In this article, you learn different methods of transforming data using the azureml-dataprep package. The package offers functions that make it simple to add columns, filter out unwanted rows or columns, and impute missing values. See full reference documentation for the azureml-dataprep package.

Important

If you are building a new solution, try the Azure Machine Learning Datasets (preview) to transform your data, snapshot data, and store versioned dataset definitions.
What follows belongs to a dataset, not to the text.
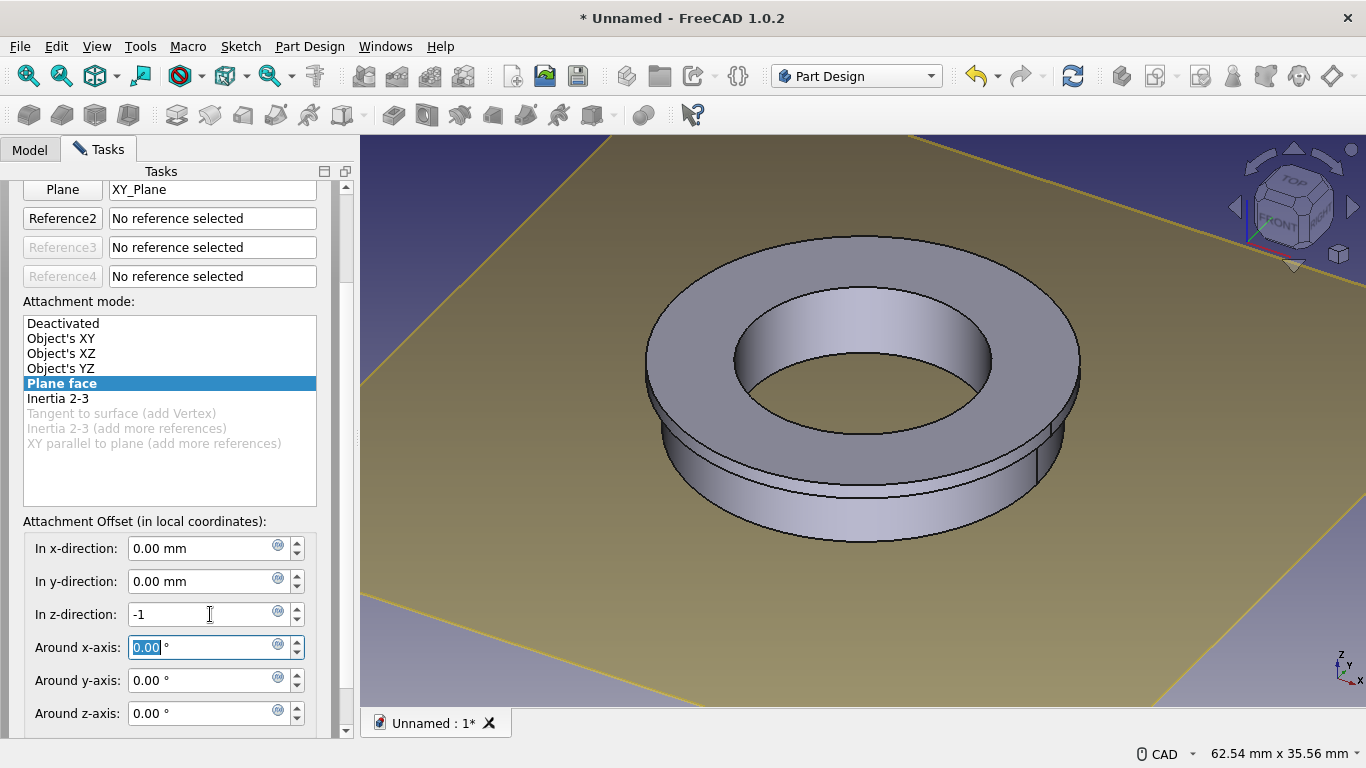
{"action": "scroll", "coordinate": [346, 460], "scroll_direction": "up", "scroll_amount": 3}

Datasets is the next version of the data prep SDK, offering expanded functionality for managing datasets in AI solutions. If you use the azureml-dataprep package to create a dataflow with your transformations instead of using the azureml-datasets package to create a dataset, you won't be able to use snapshots or versioned datasets later.

This how-to shows examples for the following tasks:

Add column using an expression

The Azure Machine Learning Data Prep SDK includes substring expressions you can use to calculate a value from existing columns, and then put that value in a new column. In this example, you load data and try to add columns to that input data.
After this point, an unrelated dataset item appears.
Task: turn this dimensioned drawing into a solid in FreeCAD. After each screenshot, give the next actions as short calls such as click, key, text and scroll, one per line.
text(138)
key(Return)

import azureml.dataprep as dprep

# loading data
dflow = dprep.read_csv(path=r'data\crime0-10.csv')
dflow.head(3)
ID Case Number Date Block IUCR Primary Type Description Location Description Arrest Domestic ... Ward Community Area FBI Code X Coordinate Y Coordinate Year Updated On Latitude Longitude Location
0 10140490 HY329907 07/05/2015 11:50:00 PM 050XX N NEWLAND AVE 0820 THEFT $500 AND UNDER STREET false false ... 41 10 06 1129230 1933315 2015 07/12/2015 12:42:46 PM 41.973309466 -87.800174996 (41.973309466, -87.800174996)
1 10139776 HY329265 07/05/2015 11:30:00 PM 011XX W MORSE AVE 0460 BATTERY SIMPLE STREET false true ... 49 1 08B 1167370 1946271 2015 07/12/2015 12:42:46 PM 42.008124017 -87.65955018 (42.008124017, -87.65955018)
2 10140270 HY329253 07/05/2015 11:20:00 PM 121XX S FRONT AVE 0486 BATTERY DOMESTIC BATTERY SIMPLE STREET false true ... 9 53 08B 2015 07/12/2015 12:42:46 PM

Use the substring(start, length) expression to extract the prefix from the Case Number column and put that string in a new column, Case Category. Passing the substring_expression variable to the expression parameter creates a new calculated column that executes the expression on each record.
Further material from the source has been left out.